**WHAT IS REQUIRED:** In the entries below, find the line with "Field of view (horizontal): 83.8°." and the line with "Please share the"; give again those lines and every line between them, exactly.

**DATA FOR PROCESSING:**
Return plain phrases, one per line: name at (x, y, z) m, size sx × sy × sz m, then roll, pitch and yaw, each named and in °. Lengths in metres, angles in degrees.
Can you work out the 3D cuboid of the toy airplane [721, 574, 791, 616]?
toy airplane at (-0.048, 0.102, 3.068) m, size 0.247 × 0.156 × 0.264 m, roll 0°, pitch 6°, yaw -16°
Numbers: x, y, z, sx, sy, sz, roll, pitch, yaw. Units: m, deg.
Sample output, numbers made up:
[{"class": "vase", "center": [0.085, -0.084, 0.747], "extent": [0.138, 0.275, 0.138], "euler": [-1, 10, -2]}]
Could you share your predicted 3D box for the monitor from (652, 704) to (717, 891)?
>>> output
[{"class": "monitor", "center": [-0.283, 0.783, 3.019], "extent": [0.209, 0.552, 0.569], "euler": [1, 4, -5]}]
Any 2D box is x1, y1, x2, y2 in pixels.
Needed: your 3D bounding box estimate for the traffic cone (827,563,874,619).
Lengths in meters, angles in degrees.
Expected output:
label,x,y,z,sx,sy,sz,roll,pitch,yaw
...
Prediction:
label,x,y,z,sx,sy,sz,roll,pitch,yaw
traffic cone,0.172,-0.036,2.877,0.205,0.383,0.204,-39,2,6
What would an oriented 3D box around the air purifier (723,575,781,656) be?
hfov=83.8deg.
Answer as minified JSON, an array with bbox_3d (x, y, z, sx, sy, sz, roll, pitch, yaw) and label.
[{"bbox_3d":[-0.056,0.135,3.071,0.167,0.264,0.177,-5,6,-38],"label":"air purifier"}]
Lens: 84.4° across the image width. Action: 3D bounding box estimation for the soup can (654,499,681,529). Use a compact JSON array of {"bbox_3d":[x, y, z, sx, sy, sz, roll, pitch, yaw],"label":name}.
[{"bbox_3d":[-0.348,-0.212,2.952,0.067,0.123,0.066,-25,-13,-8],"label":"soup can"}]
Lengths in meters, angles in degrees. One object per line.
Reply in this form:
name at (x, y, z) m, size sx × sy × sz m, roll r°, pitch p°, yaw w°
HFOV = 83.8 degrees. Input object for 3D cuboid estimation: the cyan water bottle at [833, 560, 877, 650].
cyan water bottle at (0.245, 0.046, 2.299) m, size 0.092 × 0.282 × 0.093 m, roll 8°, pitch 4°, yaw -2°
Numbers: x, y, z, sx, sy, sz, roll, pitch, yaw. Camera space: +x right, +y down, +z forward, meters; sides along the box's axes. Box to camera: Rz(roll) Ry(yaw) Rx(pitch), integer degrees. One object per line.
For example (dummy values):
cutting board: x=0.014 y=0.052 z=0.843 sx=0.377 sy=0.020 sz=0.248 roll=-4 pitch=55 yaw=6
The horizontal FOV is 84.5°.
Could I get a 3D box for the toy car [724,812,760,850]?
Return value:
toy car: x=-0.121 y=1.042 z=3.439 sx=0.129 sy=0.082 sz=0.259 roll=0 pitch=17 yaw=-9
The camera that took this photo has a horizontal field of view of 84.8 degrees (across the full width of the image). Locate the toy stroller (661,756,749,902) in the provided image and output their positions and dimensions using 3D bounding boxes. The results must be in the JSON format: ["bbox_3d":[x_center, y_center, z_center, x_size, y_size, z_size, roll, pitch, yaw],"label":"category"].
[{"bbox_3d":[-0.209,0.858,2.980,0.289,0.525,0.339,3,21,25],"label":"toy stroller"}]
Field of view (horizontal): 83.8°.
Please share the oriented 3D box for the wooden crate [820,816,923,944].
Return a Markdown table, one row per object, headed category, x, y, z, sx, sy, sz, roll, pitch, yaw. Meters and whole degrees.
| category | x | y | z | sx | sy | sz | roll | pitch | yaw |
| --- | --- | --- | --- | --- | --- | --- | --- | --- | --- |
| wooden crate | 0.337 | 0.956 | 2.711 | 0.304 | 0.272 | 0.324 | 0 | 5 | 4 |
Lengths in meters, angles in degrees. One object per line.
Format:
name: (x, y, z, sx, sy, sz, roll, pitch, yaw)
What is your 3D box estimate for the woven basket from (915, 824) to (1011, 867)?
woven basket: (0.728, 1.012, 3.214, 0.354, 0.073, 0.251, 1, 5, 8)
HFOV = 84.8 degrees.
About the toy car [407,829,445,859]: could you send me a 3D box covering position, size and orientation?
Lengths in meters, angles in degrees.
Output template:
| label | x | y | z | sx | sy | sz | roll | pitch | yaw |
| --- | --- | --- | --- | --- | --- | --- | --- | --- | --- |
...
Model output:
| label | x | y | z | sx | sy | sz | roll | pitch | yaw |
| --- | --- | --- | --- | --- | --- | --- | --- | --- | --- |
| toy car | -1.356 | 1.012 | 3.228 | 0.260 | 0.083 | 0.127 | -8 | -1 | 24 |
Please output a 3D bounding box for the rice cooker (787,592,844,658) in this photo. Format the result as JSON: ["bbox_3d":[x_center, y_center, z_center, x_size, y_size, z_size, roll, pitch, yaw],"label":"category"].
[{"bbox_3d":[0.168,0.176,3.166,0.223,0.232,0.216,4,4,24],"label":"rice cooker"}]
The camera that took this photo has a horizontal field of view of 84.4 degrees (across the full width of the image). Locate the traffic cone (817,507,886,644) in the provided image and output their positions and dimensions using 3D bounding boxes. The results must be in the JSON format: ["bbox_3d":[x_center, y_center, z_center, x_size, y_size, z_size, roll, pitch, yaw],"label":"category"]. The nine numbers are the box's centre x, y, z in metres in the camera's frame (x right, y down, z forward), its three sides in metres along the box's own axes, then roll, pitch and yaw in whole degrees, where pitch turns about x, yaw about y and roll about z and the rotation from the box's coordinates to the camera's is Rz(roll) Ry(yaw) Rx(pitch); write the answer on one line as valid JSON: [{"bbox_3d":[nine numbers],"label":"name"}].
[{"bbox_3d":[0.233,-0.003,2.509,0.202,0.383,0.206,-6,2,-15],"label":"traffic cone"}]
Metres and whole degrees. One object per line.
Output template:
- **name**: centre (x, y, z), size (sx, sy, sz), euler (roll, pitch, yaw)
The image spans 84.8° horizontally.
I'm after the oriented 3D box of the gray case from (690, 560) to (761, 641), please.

**YOUR SOLUTION:**
Field of view (horizontal): 83.8°.
Please share the oriented 3D box for the wooden crate [820,816,923,944].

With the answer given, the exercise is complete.